Maybe the result would be a pogrom that made what happened to the Jews look like a pony ride. Maybe it'd be complete anarchy and greed. But making these mysterious things public would be bringing sociology to these shows. Like the best of science fiction, this would hold a mirror up to humanity to show how ugly - or maybe kind - it is.
Of course, maybe the megacorporations and the coke-snorting CEO's of Hollywood are afraid of ideas, and this stuff will only happen in disreputable and nonprofit fan-fiction.
Just run the remaining episodes in random order.
...please add a tidbit on Battlestar Galactica. That show jumped the shark with greater dash and vigor than any other program I've ever used to like.
Every criticism you make about Lost was there in the first season. I know because I watched the first season very recently, and felt exactly how you described: "Look! Over there!" Etc. By the end of the first season, I felt that I had been tricked out of 20-something hours of my life (or however long it was). Call me a resolution junkie, but I stayed aboard despite that feeling.

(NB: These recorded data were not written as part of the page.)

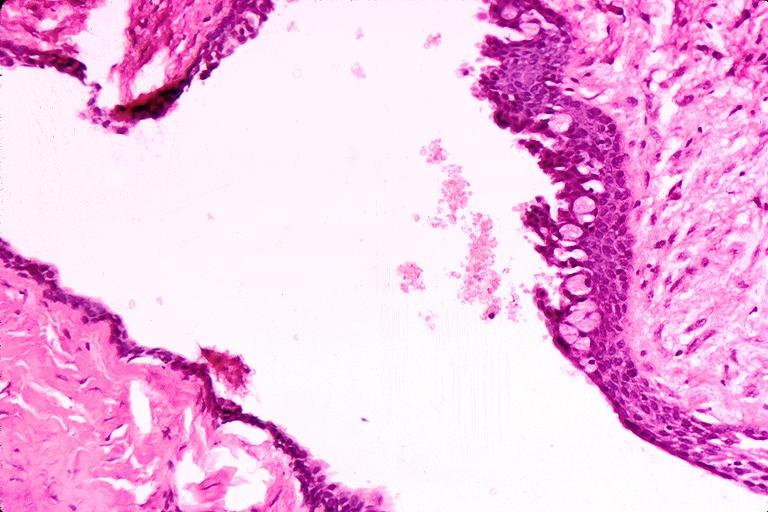s oral present?
Answer the question using a single word or phrase. Yes 
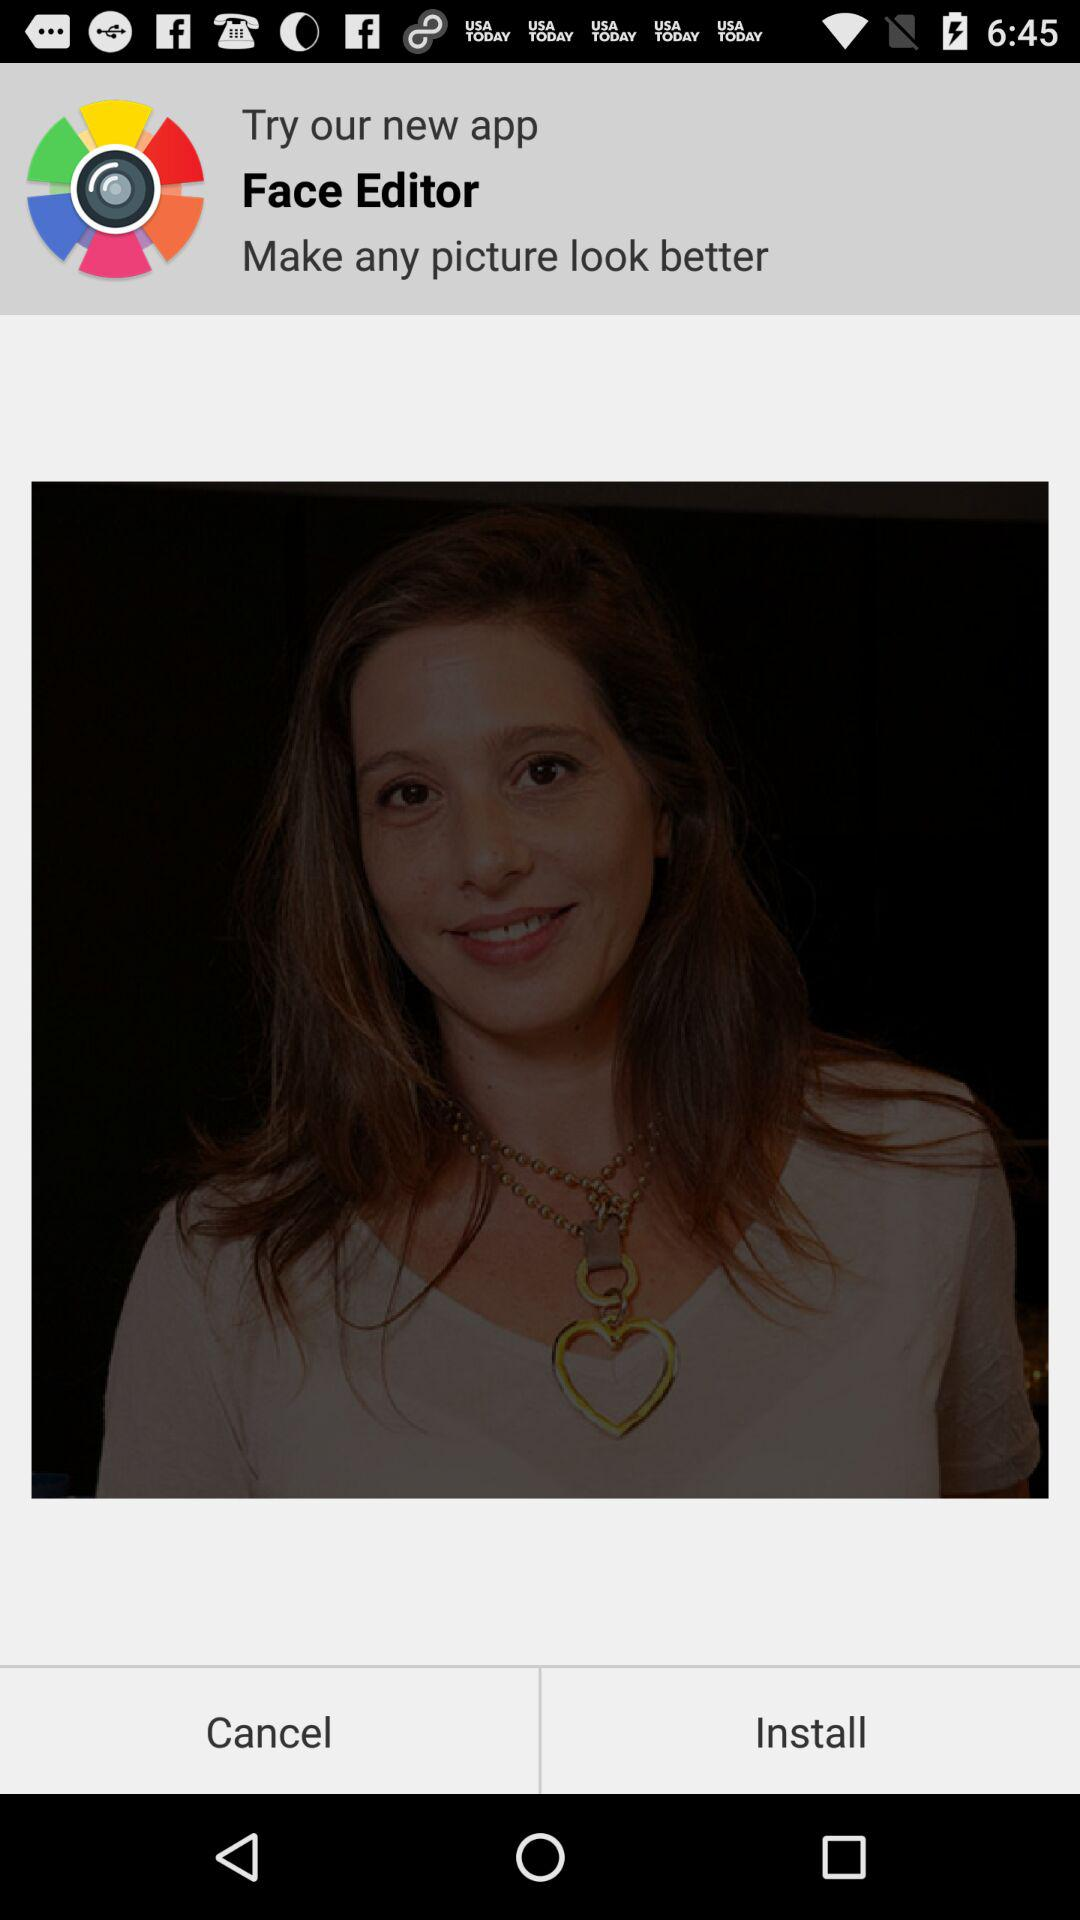What application is new? The new application is "Face Editor". 
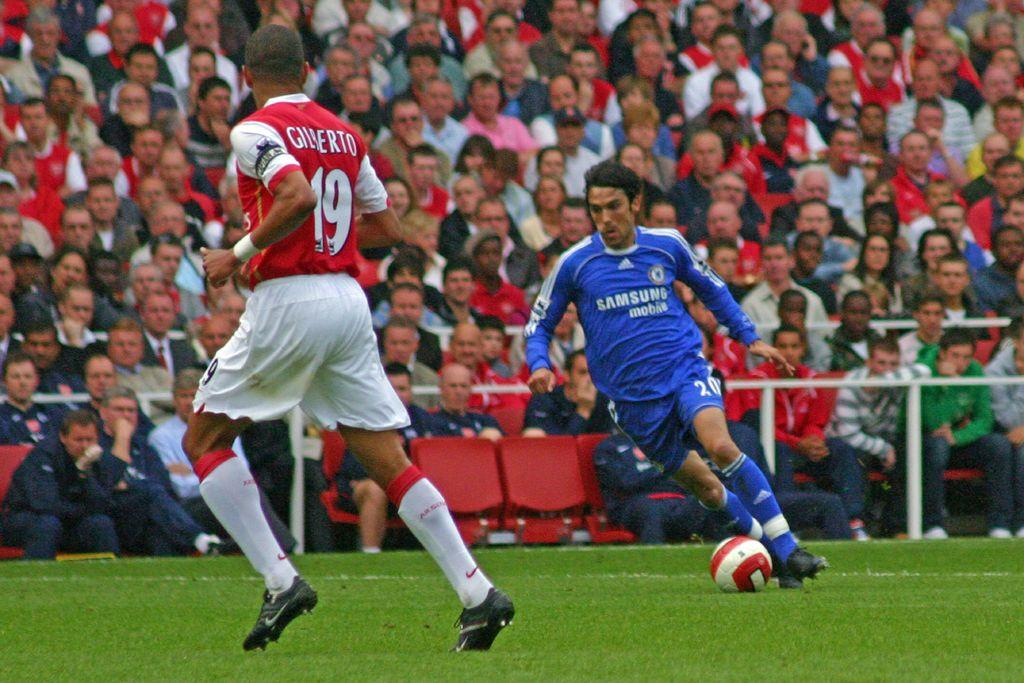What are the two men in the image doing? The two men in the image are running. Where are the men running? The men are running on the ground. What is on the ground besides the men? There is a ball on the ground. What can be seen in the background of the image? In the background, there is a group of people sitting on chairs. What are the people in the background doing? The group of people is looking at the two men running. What type of grass can be seen growing in the image? There is no grass visible in the image.

Before reading this criticism, I thought it would say the opposite - which, as I understand, is the common sentiment - that: many secrets have been revealed and are much more boring than originally expected. for instance, we know what the smoke thing is now, and although we may not know why people see their lives in the clouds, we know what it does, why it's there, and more or less how it can be deployed. we also found out who the others are, which many people also found to be very boring.
anyway, you're just doing your job. you had to find something that sucks about this show for this article. that's fine, but you're just wrong.